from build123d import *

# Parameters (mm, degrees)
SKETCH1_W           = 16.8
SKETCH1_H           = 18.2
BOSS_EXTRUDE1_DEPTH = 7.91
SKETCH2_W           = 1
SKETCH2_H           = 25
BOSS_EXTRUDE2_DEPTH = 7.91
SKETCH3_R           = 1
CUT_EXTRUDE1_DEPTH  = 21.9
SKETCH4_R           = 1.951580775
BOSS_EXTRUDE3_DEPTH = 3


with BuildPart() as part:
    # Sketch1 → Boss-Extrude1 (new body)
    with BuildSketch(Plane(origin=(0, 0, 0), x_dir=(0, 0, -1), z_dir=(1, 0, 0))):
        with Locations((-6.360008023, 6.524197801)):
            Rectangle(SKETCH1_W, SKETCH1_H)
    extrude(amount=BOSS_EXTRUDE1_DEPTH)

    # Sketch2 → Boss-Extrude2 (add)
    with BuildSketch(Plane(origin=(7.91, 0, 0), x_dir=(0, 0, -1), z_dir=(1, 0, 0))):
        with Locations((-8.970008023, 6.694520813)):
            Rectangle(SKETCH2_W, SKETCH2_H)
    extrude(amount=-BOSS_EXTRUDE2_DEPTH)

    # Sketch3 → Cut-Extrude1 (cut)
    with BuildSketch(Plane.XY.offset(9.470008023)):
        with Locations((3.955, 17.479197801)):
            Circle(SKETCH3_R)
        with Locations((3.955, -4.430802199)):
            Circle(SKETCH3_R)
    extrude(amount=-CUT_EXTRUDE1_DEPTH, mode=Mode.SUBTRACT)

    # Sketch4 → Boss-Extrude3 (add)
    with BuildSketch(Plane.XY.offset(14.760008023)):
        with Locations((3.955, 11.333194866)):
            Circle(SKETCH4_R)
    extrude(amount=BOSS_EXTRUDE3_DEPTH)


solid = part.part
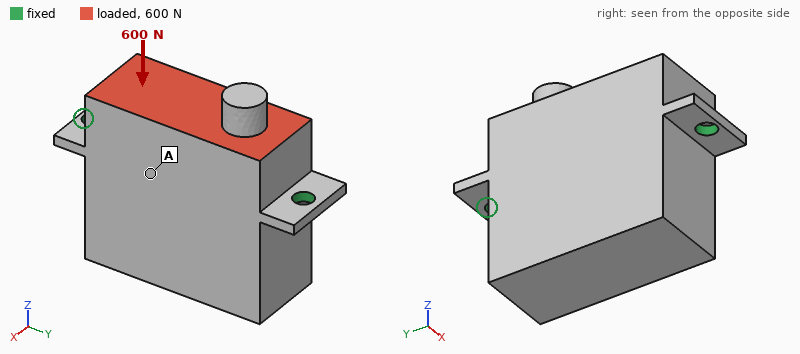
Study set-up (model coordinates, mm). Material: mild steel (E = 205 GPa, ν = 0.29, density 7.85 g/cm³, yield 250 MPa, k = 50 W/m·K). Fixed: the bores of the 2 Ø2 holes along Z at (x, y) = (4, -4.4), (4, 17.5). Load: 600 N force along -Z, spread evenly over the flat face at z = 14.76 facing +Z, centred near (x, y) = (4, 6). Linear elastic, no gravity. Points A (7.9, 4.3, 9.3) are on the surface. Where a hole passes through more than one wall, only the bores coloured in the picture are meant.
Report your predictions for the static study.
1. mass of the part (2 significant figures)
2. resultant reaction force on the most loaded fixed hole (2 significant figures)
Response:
20 g
310 N
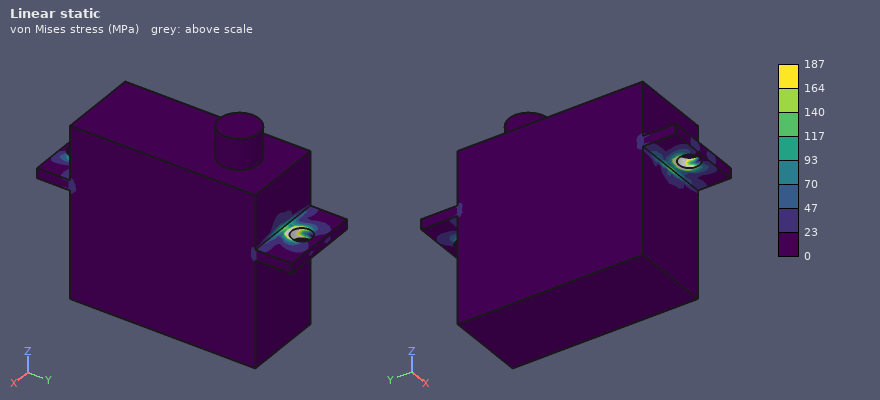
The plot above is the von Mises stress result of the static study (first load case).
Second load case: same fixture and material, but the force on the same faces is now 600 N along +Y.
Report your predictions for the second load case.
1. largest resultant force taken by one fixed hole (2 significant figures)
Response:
350 N
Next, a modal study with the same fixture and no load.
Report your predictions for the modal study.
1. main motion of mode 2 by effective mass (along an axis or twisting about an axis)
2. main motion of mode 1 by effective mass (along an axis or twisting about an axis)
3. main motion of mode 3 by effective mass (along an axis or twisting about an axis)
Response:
along Z
along X
along Y
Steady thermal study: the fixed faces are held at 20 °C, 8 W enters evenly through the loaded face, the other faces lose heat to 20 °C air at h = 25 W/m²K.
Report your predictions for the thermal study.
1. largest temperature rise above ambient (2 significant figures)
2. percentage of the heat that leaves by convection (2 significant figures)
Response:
33 K
8.9 %
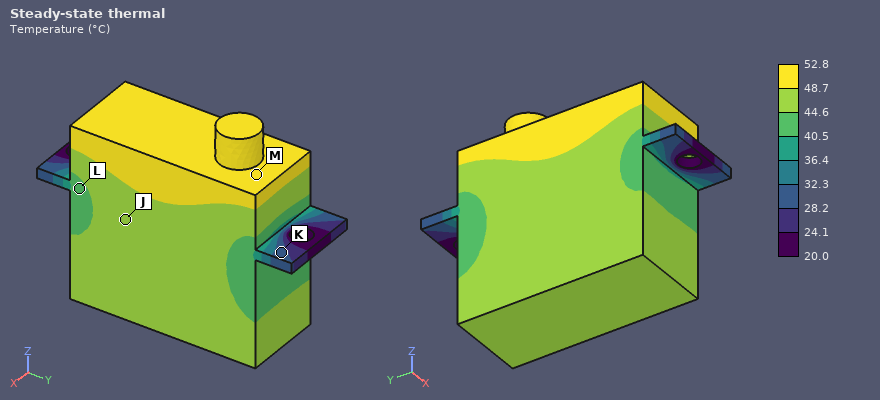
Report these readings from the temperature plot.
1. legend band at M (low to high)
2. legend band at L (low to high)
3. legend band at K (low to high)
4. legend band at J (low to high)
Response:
48.7 to 52.8 °C
40.5 to 44.6 °C
28.2 to 32.3 °C
44.6 to 48.7 °C

*****

Exercise requirements |
Hand back the data exactly as it appears, with all pictures cut.

Task output |
from build123d import *

# Parameters (mm, degrees)
SKETCH1_W           = 16.8
SKETCH1_H           = 18.2
BOSS_EXTRUDE1_DEPTH = 7.91
SKETCH2_W           = 1
SKETCH2_H           = 25
BOSS_EXTRUDE2_DEPTH = 7.91
SKETCH3_R           = 1
CUT_EXTRUDE1_DEPTH  = 21.9
SKETCH4_R           = 1.951580775
BOSS_EXTRUDE3_DEPTH = 3


with BuildPart() as part:
    # Sketch1 → Boss-Extrude1 (new body)
    with BuildSketch(Plane(origin=(0, 0, 0), x_dir=(0, 0, -1), z_dir=(1, 0, 0))):
        with Locations((-6.360008023, 6.524197801)):
            Rectangle(SKETCH1_W, SKETCH1_H)
    extrude(amount=BOSS_EXTRUDE1_DEPTH)

    # Sketch2 → Boss-Extrude2 (add)
    with BuildSketch(Plane(origin=(7.91, 0, 0), x_dir=(0, 0, -1), z_dir=(1, 0, 0))):
        with Locations((-8.970008023, 6.694520813)):
            Rectangle(SKETCH2_W, SKETCH2_H)
    extrude(amount=-BOSS_EXTRUDE2_DEPTH)

    # Sketch3 → Cut-Extrude1 (cut)
    with BuildSketch(Plane.XY.offset(9.470008023)):
        with Locations((3.955, 17.479197801)):
            Circle(SKETCH3_R)
        with Locations((3.955, -4.430802199)):
            Circle(SKETCH3_R)
    extrude(amount=-CUT_EXTRUDE1_DEPTH, mode=Mode.SUBTRACT)

    # Sketch4 → Boss-Extrude3 (add)
    with BuildSketch(Plane.XY.offset(14.760008023)):
        with Locations((3.955, 11.333194866)):
            Circle(SKETCH4_R)
    extrude(amount=BOSS_EXTRUDE3_DEPTH)


solid = part.part
Study set-up (model coordinates, mm). Material: mild steel (E = 205 GPa, ν = 0.29, density 7.85 g/cm³, yield 250 MPa, k = 50 W/m·K). Fixed: the bores of the 2 Ø2 holes along Z at (x, y) = (4, -4.4), (4, 17.5). Load: 600 N force along -Z, spread evenly over the flat face at z = 14.76 facing +Z, centred near (x, y) = (4, 6). Linear elastic, no gravity. Points A (7.9, 4.3, 9.3) are on the surface. Where a hole passes through more than one wall, only the bores coloured in the picture are meant.
Report your predictions for the static study.
1. mass of the part (2 significant figures)
2. resultant reaction force on the most loaded fixed hole (2 significant figures)
Response:
20 g
310 N
The plot above is the von Mises stress result of the static study (first load case).
Second load case: same fixture and material, but the force on the same faces is now 600 N along +Y.
Report your predictions for the second load case.
1. largest resultant force taken by one fixed hole (2 significant figures)
Response:
350 N
Next, a modal study with the same fixture and no load.
Report your predictions for the modal study.
1. main motion of mode 2 by effective mass (along an axis or twisting about an axis)
2. main motion of mode 1 by effective mass (along an axis or twisting about an axis)
3. main motion of mode 3 by effective mass (along an axis or twisting about an axis)
Response:
along Z
along X
along Y
Steady thermal study: the fixed faces are held at 20 °C, 8 W enters evenly through the loaded face, the other faces lose heat to 20 °C air at h = 25 W/m²K.
Report your predictions for the thermal study.
1. largest temperature rise above ambient (2 significant figures)
2. percentage of the heat that leaves by convection (2 significant figures)
Response:
33 K
8.9 %
Report these readings from the temperature plot.
1. legend band at M (low to high)
2. legend band at L (low to high)
3. legend band at K (low to high)
4. legend band at J (low to high)
Response:
48.7 to 52.8 °C
40.5 to 44.6 °C
28.2 to 32.3 °C
44.6 to 48.7 °C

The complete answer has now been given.